From our study, it is clearly evident that neither 25(OH)D3 nor 1α,25(OH)2D3 inhibit cellular proliferation at the early time points. It was expected from previous investigations11, 13–15, 19, 20, 33–36 that 25(OH)D3 and 1α,25(OH)2D3 at concentrations as low as 10 nM would inhibit OS cell proliferation in a dose dependent manner. The lack of effect on cellular proliferation by 1α,25(OH)2D3 has been observed in rat OS cells.18 There exist several instances in the literature which point toward cell specific mechanisms by which vitamin D modulates proliferation and differentiation of normal and tumor cells. Lutzow-Holm et al.37 reported that topical application of 1α,25(OH)2D3 and KH1060 (vitamin D analogue) induces hyperproliferation of mouse keratinocytes while Bollag et al.38 observed a biphasic effect of 1α,25(OH)2D3 (low concentration: Stimulatory and high concentrations: Inhibitory) on proliferation of mouse keratinocytes.
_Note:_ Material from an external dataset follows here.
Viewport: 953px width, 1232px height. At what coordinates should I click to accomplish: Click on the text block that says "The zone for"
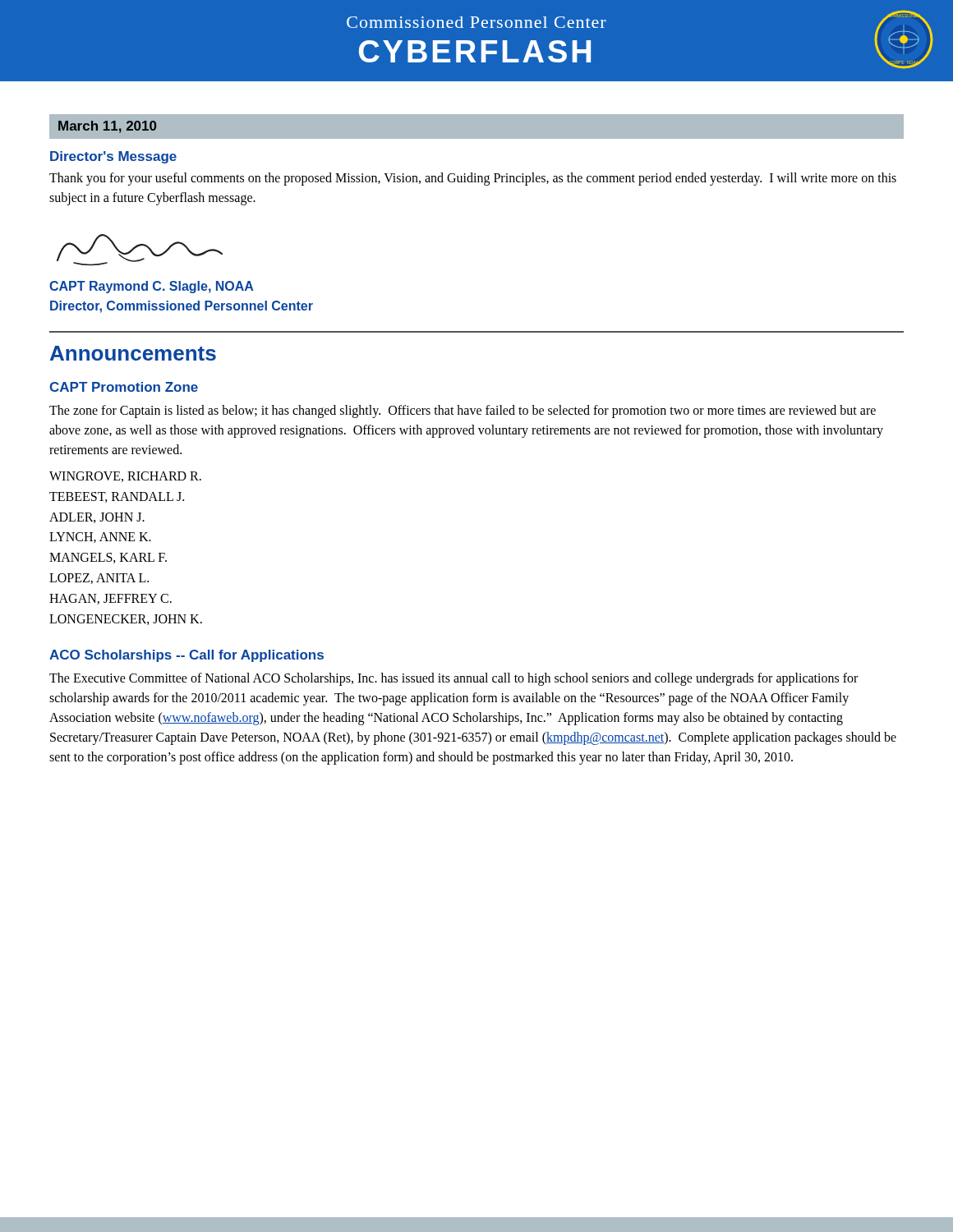coord(466,430)

Another reason for the lack of antiproliferative effect in our study, possibly might be due to an early endpoint (96-hour post-plating) which was perhaps not long enough for 1α,25(OH)2D3 to mediate its inhibitory effect on OS cells. The transition from proliferation to differentiation stage could be a critical time point for 1α,25(OH)2D3 to mediate its inhibitory effect on SaOS-2 and 143 B OS cell lines. The switch to differentiation mode is not possibly rapid in some cancer cells. Instead, 1α,25(OH)2D3 may cause an initial increase in proliferation followed by an inhibition as seen in in vitro cultures of monocytes, HL60, or U937 cells.39–41 Other studies have required serum-reduced medium to observe 25(OH)D3 and 1α,25(OH)2D3-mediated antiproliferative effects.20, 36 Recent studies by Piek et al.,42 demonstrate that 1α,25(OH)2D3 does not affect the kinetics of cellular proliferation of human mesenchymal stem cells (hMSCs) (similar to our studies) but, instead induces changes in cell cycle related gene expression during differentiation.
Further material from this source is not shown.